Nothing fattens up code like a code donut. Tasty and sweet they satisfy your feature needs temporarily but leave you wanting more and more and more. They also turn your lean runner’s body into something better suited to “Sweating to the Oldies”.
I’ve used the term code donut for a while to describe a certain kind of feature request: the kind that moves you sideways from where you want to go (or sometimes backwards). When a company has a well defined need for something of moderate size, it’s very common to build something stopgap that takes care of the “low-hanging fruit” without solving the whole problem. These kinds of solutions are frequently both necessary and useful since the ideal solution may be to complex to build all at once. These aren’t code donuts, but they are the precursors to code donuts. The code donut is the small well defined improvement to the initial temporary solution that comes as a follow up (and the one after that, and the one after that, and so on).
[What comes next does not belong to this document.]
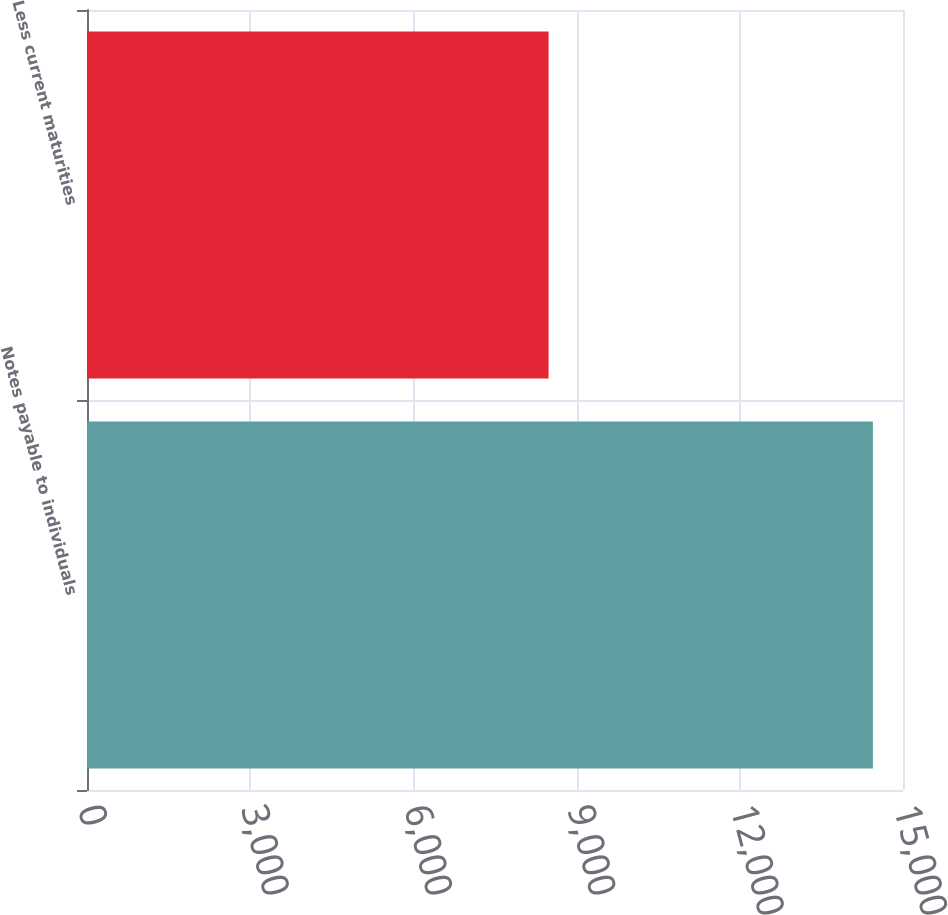Convert chart to OTSL. <chart><loc_0><loc_0><loc_500><loc_500><bar_chart><fcel>Notes payable to individuals<fcel>Less current maturities<nl><fcel>14447<fcel>8485<nl></chart> 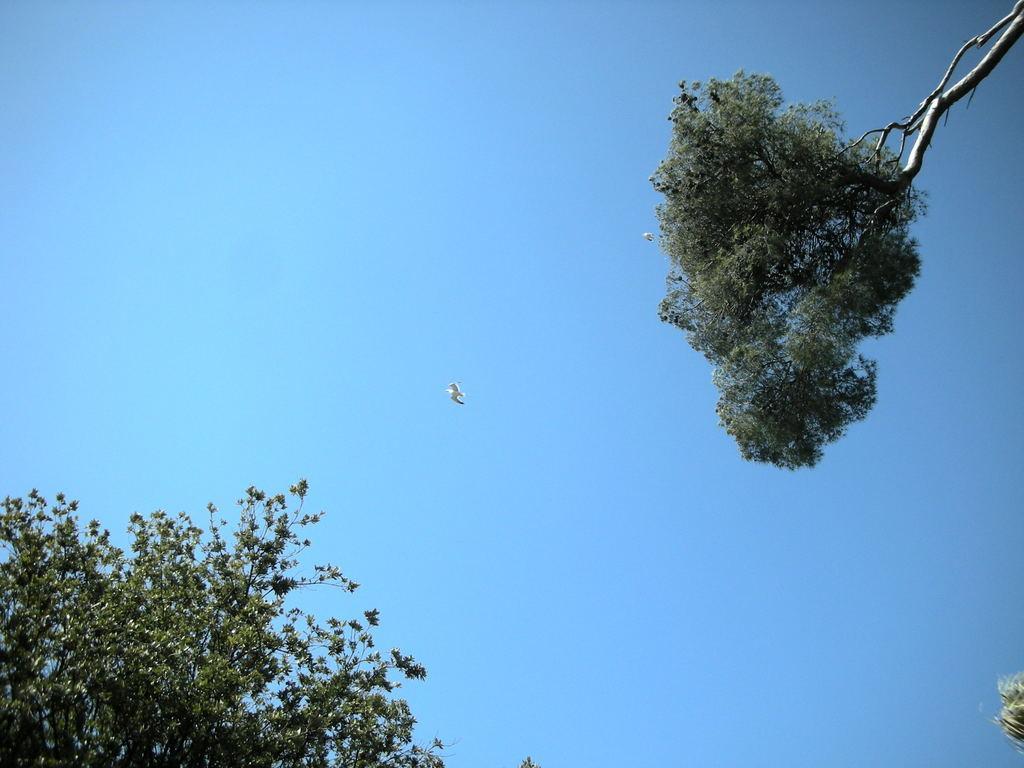In one or two sentences, can you explain what this image depicts? In the center of the image there is a bird in the sky. At the top right corner and bottom left corner we can see trees.

Developers often like these little additions because they are well defined and straightforward. Small simple projects are fun since you get that nice sense of completion. The problem is that all of the little changes that come after the interim solution usually do nothing to move you towards what you really need, they just fatten up the current solution and often other parts of your code as well.
Companies build on top of these interim solutions for a few different reasons. Sometimes the temporary solution just doesn’t do the job. Continuing to build off of a poor solution that doesn’t do the job is almost certainly a case of spending good money to try to recover bad. The idea of the temporary solution was that half a solution was good enough, if that’s not the case it probably never will be. Another reason for these small enhancements is that the temporary solution does what it’s supposed to and people are using it and finding other things it needs to do. This is the bigger and more insidious case. It means that people and processes are going to adapt themselves to the temporary solution which virtually guarantees that it will be anything but temporary. When these changes move gradually and inexorably towards the desired solution they are all great things. When they don’t they are probably code donuts making you fatter and not really taking you where you need to go. The demand for more is an indication that the problem is an important one. It’s an indication that spending the time and energy to get what you need is a good idea.
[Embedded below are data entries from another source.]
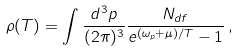Convert formula to latex. <formula><loc_0><loc_0><loc_500><loc_500>\rho ( T ) = \int \frac { d ^ { 3 } { p } } { ( 2 \pi ) ^ { 3 } } \frac { N _ { d f } } { e ^ { ( \omega _ { p } + \mu ) / T } - 1 } \, ,</formula> 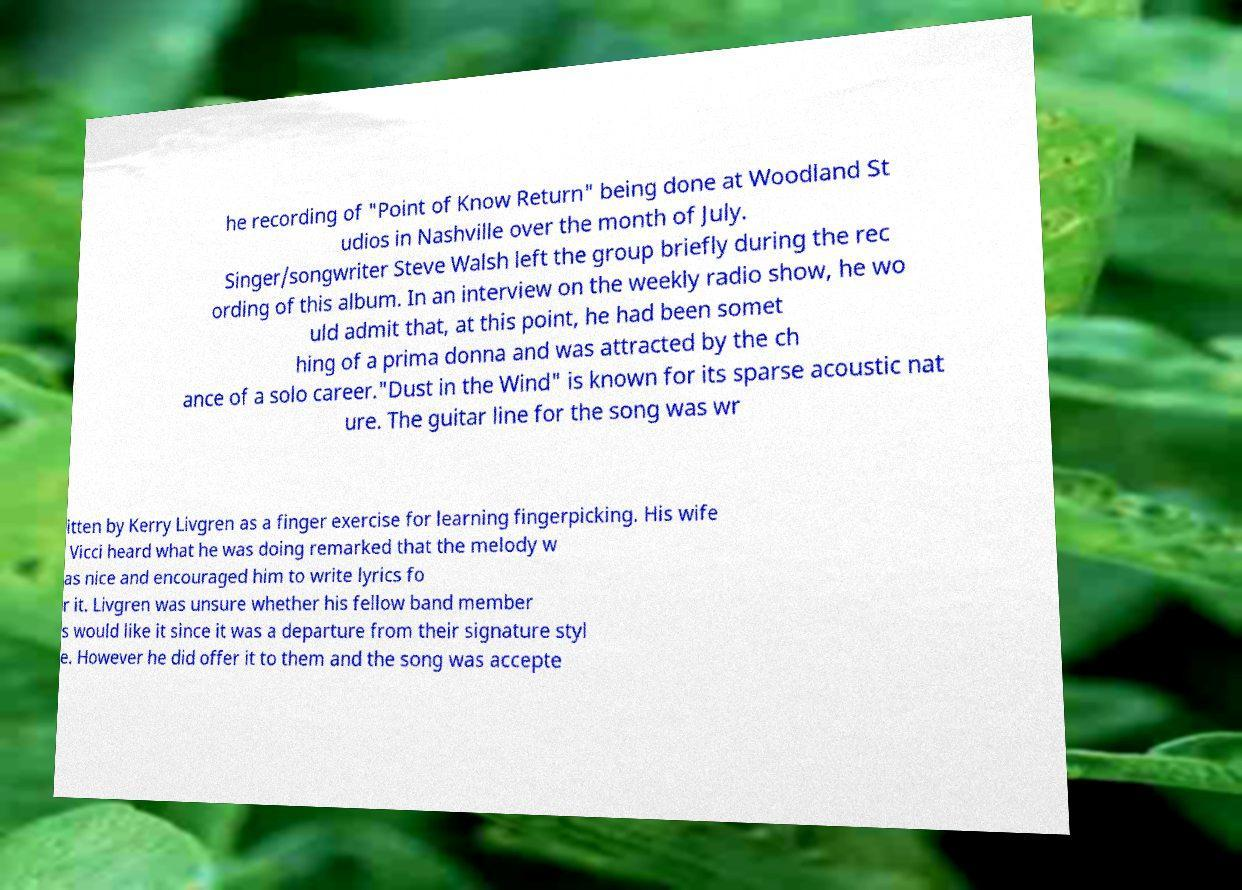Please identify and transcribe the text found in this image. he recording of "Point of Know Return" being done at Woodland St udios in Nashville over the month of July. Singer/songwriter Steve Walsh left the group briefly during the rec ording of this album. In an interview on the weekly radio show, he wo uld admit that, at this point, he had been somet hing of a prima donna and was attracted by the ch ance of a solo career."Dust in the Wind" is known for its sparse acoustic nat ure. The guitar line for the song was wr itten by Kerry Livgren as a finger exercise for learning fingerpicking. His wife Vicci heard what he was doing remarked that the melody w as nice and encouraged him to write lyrics fo r it. Livgren was unsure whether his fellow band member s would like it since it was a departure from their signature styl e. However he did offer it to them and the song was accepte 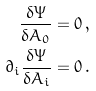Convert formula to latex. <formula><loc_0><loc_0><loc_500><loc_500>\frac { \delta \Psi } { \delta A _ { 0 } } & = 0 \, , \\ \partial _ { i } \frac { \delta \Psi } { \delta A _ { i } } & = 0 \, .</formula> 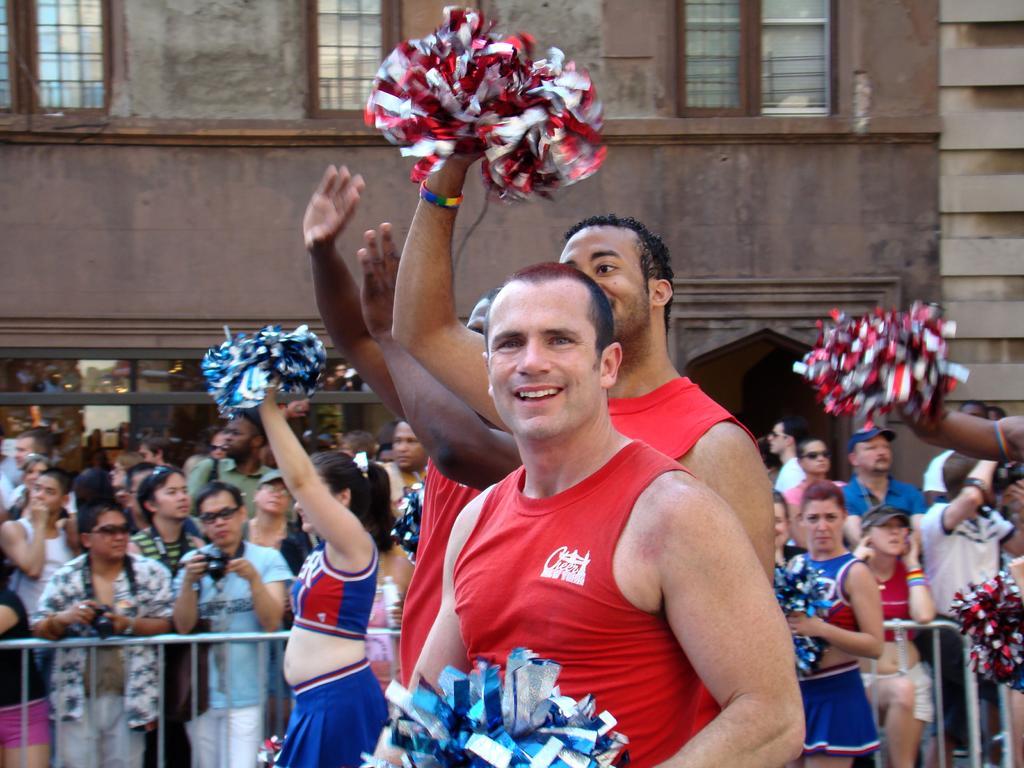Could you give a brief overview of what you see in this image? In this picture I can see there are few men standing and they are holding red and blue papers in their hands and in the backdrop there are few women, they are also holding blue and red color papers and in the backdrop there is a fence and there are few people standing and they are wearing goggles and hand bags. There is a building in the backdrop and there are windows.

I recently had a contract with a company that had been code donuting itself to death for a long time. They had a large system that amounted to little more than glorified email, but they had managed to intertwine themselves with it from a data, code and process standpoint to a degree that made it difficult to consider the many superior alternatives that could have made their jobs easier. No one wanted the system any more, but neither could they find their way out from under it. The code was one thing, but even more challenging was the way people had become dependent on it. Any alternative would be framed in terms of the current system, funneling conversation down a narrow and deep hole and keeping people from understanding that there are other ways of doing things.
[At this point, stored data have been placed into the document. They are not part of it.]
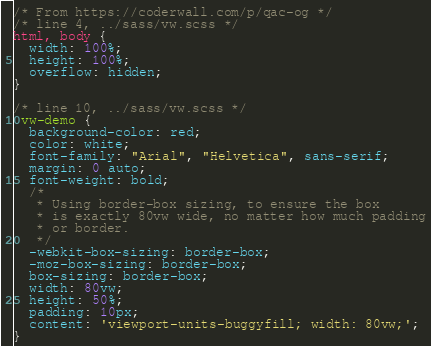Convert code to text. <code><loc_0><loc_0><loc_500><loc_500><_CSS_>/* From https://coderwall.com/p/qac-og */
/* line 4, ../sass/vw.scss */
html, body {
  width: 100%;
  height: 100%;
  overflow: hidden;
}

/* line 10, ../sass/vw.scss */
.vw-demo {
  background-color: red;
  color: white;
  font-family: "Arial", "Helvetica", sans-serif;
  margin: 0 auto;
  font-weight: bold;
  /*
   * Using border-box sizing, to ensure the box
   * is exactly 80vw wide, no matter how much padding
   * or border.
   */
  -webkit-box-sizing: border-box;
  -moz-box-sizing: border-box;
  box-sizing: border-box;
  width: 80vw;
  height: 50%;
  padding: 10px;
  content: 'viewport-units-buggyfill; width: 80vw;';
}
</code> 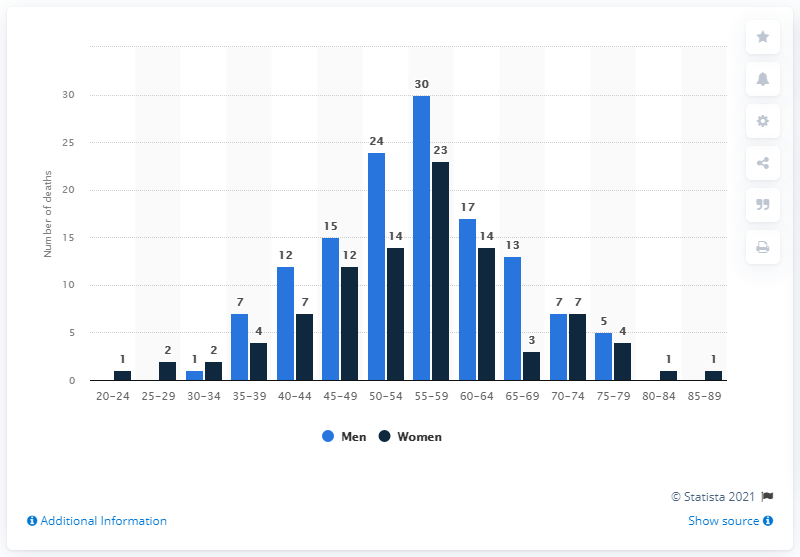Identify some key points in this picture. In 2019, 30 men in Northern Ireland died as a result of alcoholic liver disease. The two modes of women at 40-44 and 55-59 are 0.304347826... The graph displays 14 age groups, representing a diverse range of age demographics. 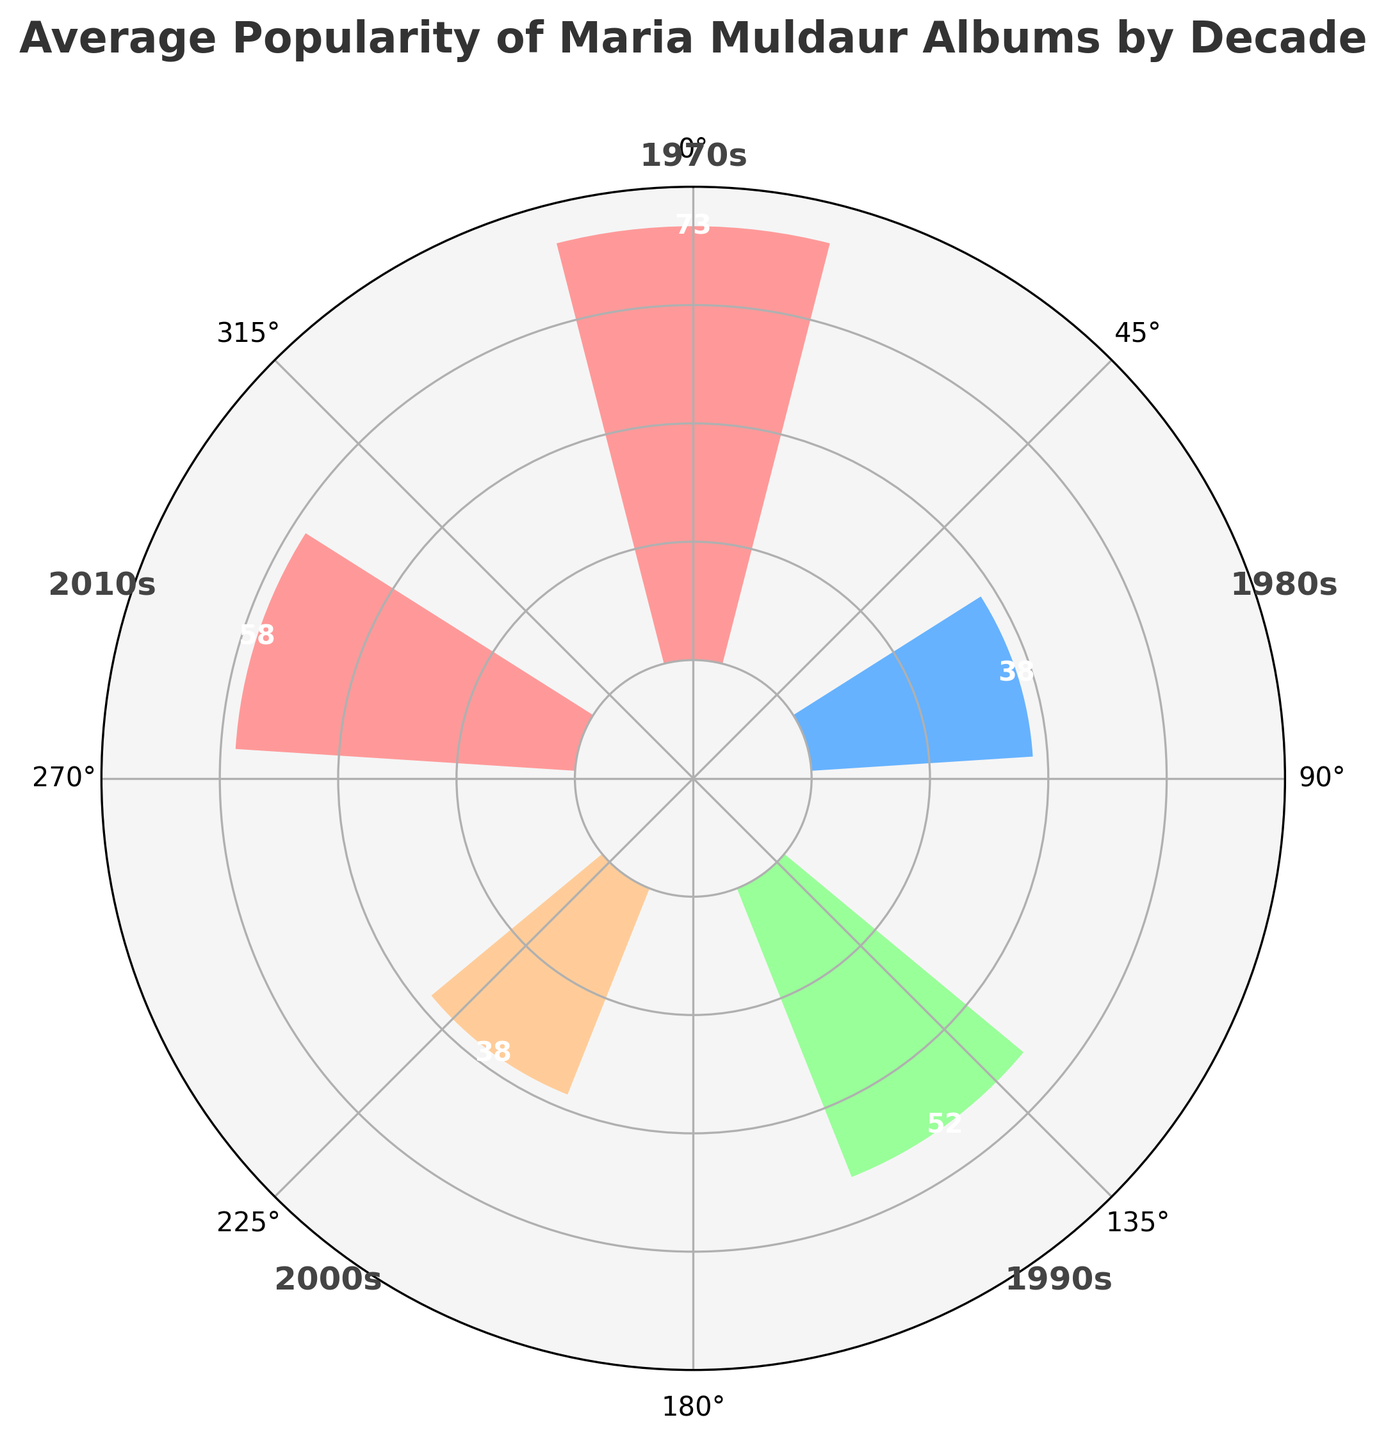What's the title of the figure? The title of the figure is typically located at the top and is displayed in bold and larger font. The title reads, "Average Popularity of Maria Muldaur Albums by Decade".
Answer: Average Popularity of Maria Muldaur Albums by Decade How many decades are represented in the chart? By looking at the labels around the plot, for example, 1970s, 1980s, 1990s, and 2000s, we can count the number.
Answer: 4 Which decade had the highest average popularity for Maria Muldaur's albums? Observe the bars in the rose chart and identify the one with the highest length. The bar representing the 1970s is the longest.
Answer: 1970s What's the average popularity value for the 2010s? The value is displayed at the top of the bar for the 2010s. We can read this value directly.
Answer: 57.5 Is there a decade where the average popularity of albums is below 50? Check each bar and read the average popularity values. The bars for the 1980s (35) indicate values below 50.
Answer: Yes, the 1980s What's the average popularity difference between the 1970s and the 1990s? Subtract the average value of the 1990s bar (52.5) from the 1970s one (73.3): 73.3 - 52.5 = 20.8
Answer: 20.8 Which two decades have the closest average popularity values? Compare the values of bars adjacent to each other and find the two closest. The 2010s (57.5) and the 1990s (52.5) have values closest to each other with a difference of 5.
Answer: 2010s and 1990s What color represents the decade with the lowest average popularity? Identify the bar with the lowest value (1980s) and note its color, which is blue.
Answer: Blue How is the angle direction in the rose chart arranged, clockwise or counterclockwise? The rose chart's angle direction is arranged counterclockwise, with 0° at the top and progressing in the opposite direction of a clock's hands.
Answer: Counterclockwise What is the difference in average popularity between the top two decades? Identify the two highest bars: 1970s (73.3) and 2010s (57.5), then find the difference: 73.3 - 57.5 = 15.8
Answer: 15.8

Agile processes are highly vulnerable to code donuts. The nature of the short development cycle and the near term prioritization encourage finding the best solution for now and then expanding on it. Several agilists I know have even challenged the legitimacy of the notion, apparently subsumed in their belief that as long as the code is well factored the short term decision is always the right one. Unfortunately I’ve seen too many broken systems fashioned gradually around a temporary solution to believe that weak dogma.
Some of the ways you can avoid code donuts are:
- Craft interim solutions that are part of an ideal solution rather than instead of and ideal solution. This is hard and not always possible, but look for ways to do it. It’s the single best approach you can take.
- As soon as an interim alternative starts to become critical to your internal processes invest in the preferred solution.
- Leave interim internal solutions unpolished. Strange as this sounds, if you believe something is temporary then making it feel that way keeps people from getting too attached. It also saves development time. Quality fanatics feel free to fax me a copy of your hand so I can slap myself silly with it.
- Avoid integrating interim solutions. When they stand alone they are easier to replace and they don’t pollute the rest of the code stream.
- If you really have no plans to do “the right thing” then acknowledge that and do the closest thing you can. Sometimes what you want is beyond your reach. In these cases you need to stop acting like the temporary solution is temporary and recognize that it is a real product, giving it the care and attention it deserves and not just a long running series of code donuts.
If you fail to follow these simple dietary suggestions, be prepared to fight a long and running battle with bloat.